Sent from my iPhone using Tapatalk


----------



## sizzle1000 (Jun 30, 2020)

So stage 1 it is then. Also I asked around and noticed differences in the price. Should shops that install the tune be charging a installation fee? I asked 2 different places and 1 shop doesn't charge anything and another one does. Sounds sketch that there's a difference, isn't this something that unitronics manages?


----------



## ViewlessSquid (Mar 22, 2017)

sizzle1000 said:


> So stage 1 it is then. Also I asked around and noticed differences in the price. Should shops that install the tune be charging a installation fee? I asked 2 different places and 1 shop doesn't charge anything and another one does. Sounds sketch that there's a difference, isn't this something that unitronics manages?
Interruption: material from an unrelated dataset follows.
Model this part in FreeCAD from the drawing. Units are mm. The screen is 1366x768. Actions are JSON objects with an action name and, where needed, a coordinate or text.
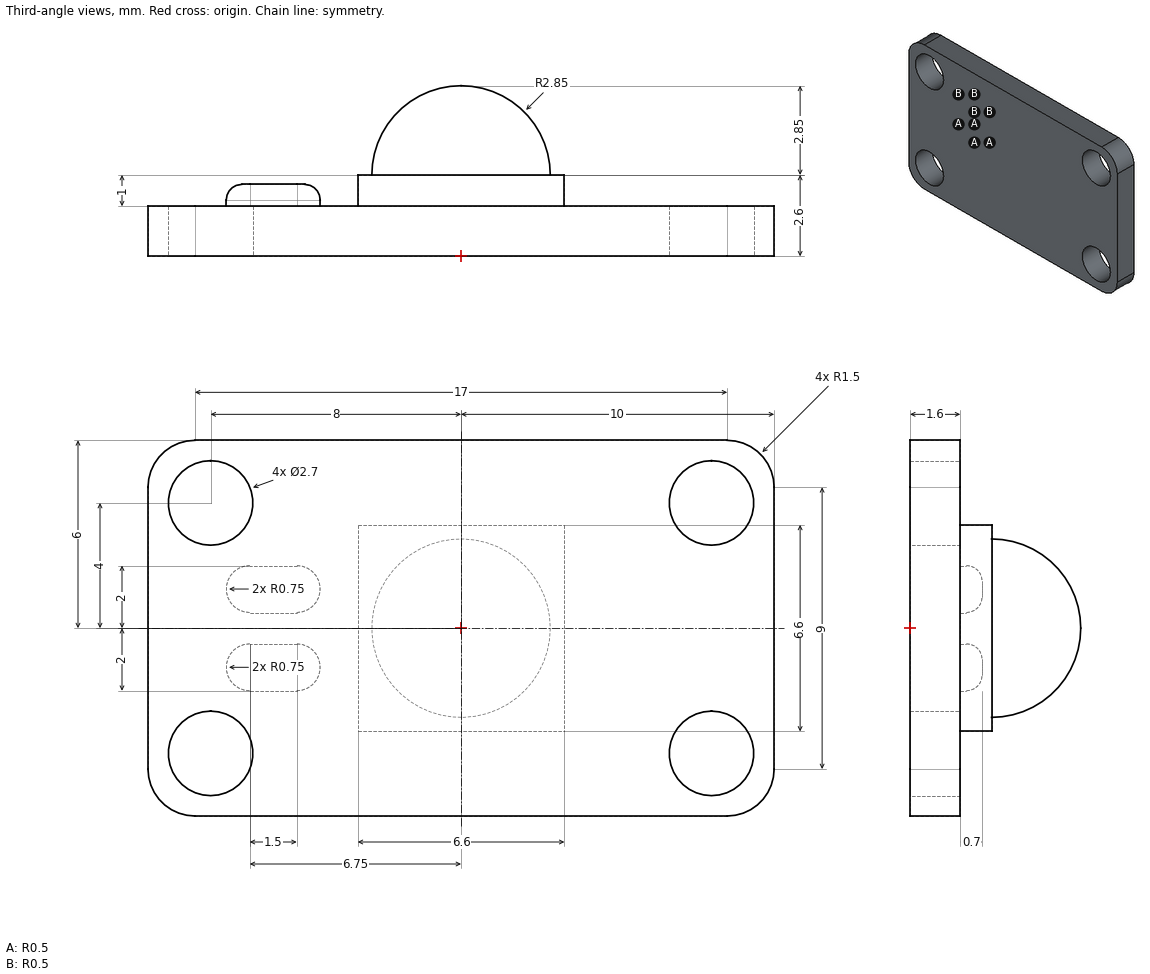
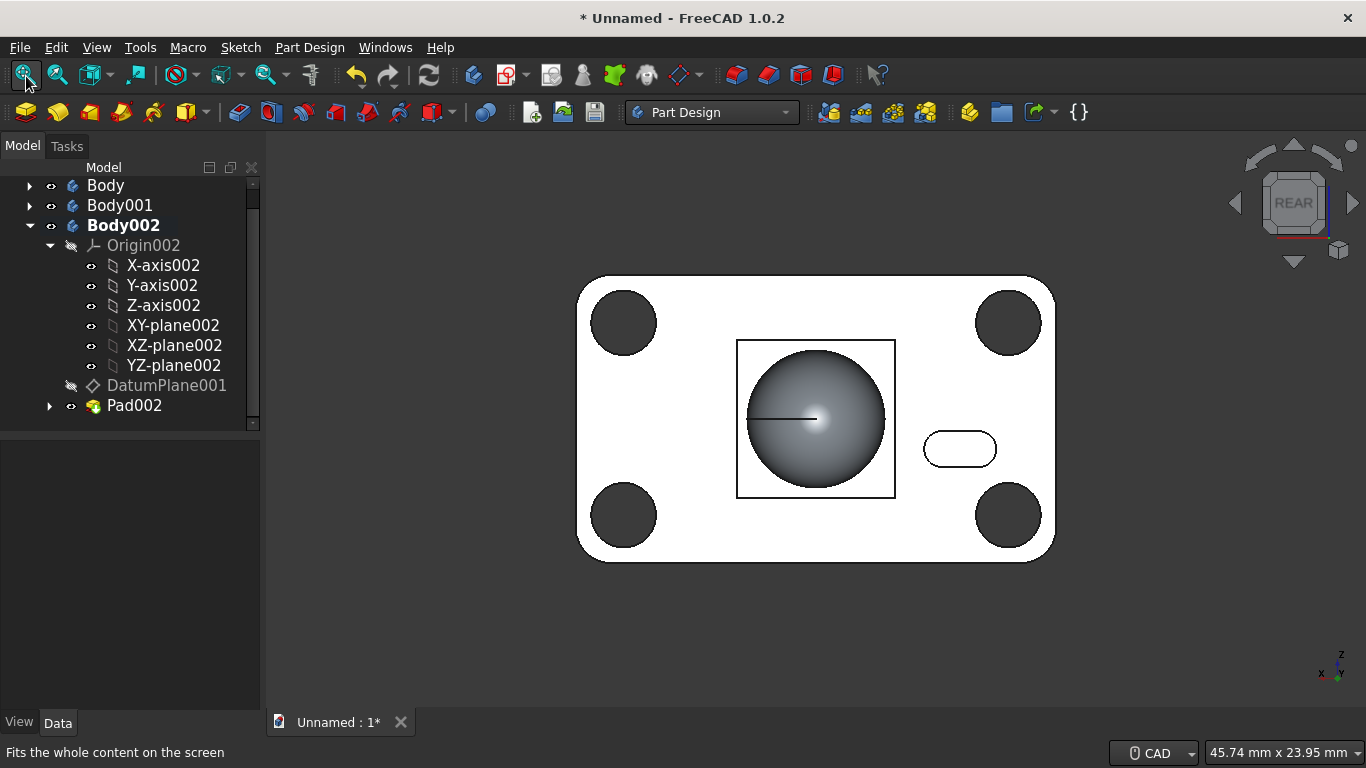
{"action": "left_click", "coordinate": [26, 76]}

From what I understand, shops can charge whatever they want, minus the price of the tune. So if they want to charge a labor fee, then they have the right to. So, if you plan on going that route, just buy the UniConnect and tune from unitronic and do it yourself with a laptop. Watched many videos about it and it looks pretty easy. And Unitronic has a sale right now, so right now is the time to jump on it. 


Sent from my iPhone using Tapatalk


----------



## sizzle1000 (Jun 30, 2020)

I found a shop that doesn't charge an installation fee. The shop rep said the fee is included in the price from uni so there shouldn't really be a need to charge extra, it's at some shops own discretion but not necessary.


----------



## sizzle1000 (Jun 30, 2020)

Just got the 1+ tune from Unitronics from a place called VAG Motorsports in Laval, Quebec (great shop, they don't charge plus ironically Unitronics is made locally here in Montreal) and WOW giving me a MAJOR Vehicle Erection!!!! Car drives totally stock without any noticeable difference but when you step on it it's like the vehicle is on steroids!!! Beautiful! Love it!

Also the owner told me I'm not stuck with the gas from petro canada which is the only gas station around here with 94 octane I can also get 91 octane shell gas (no ethanol content) and that will work as well.

Very happy!


----------



## ViewlessSquid (Mar 22, 2017)

So whether you use 91 or 93 on stage 1+, you’ll be fine?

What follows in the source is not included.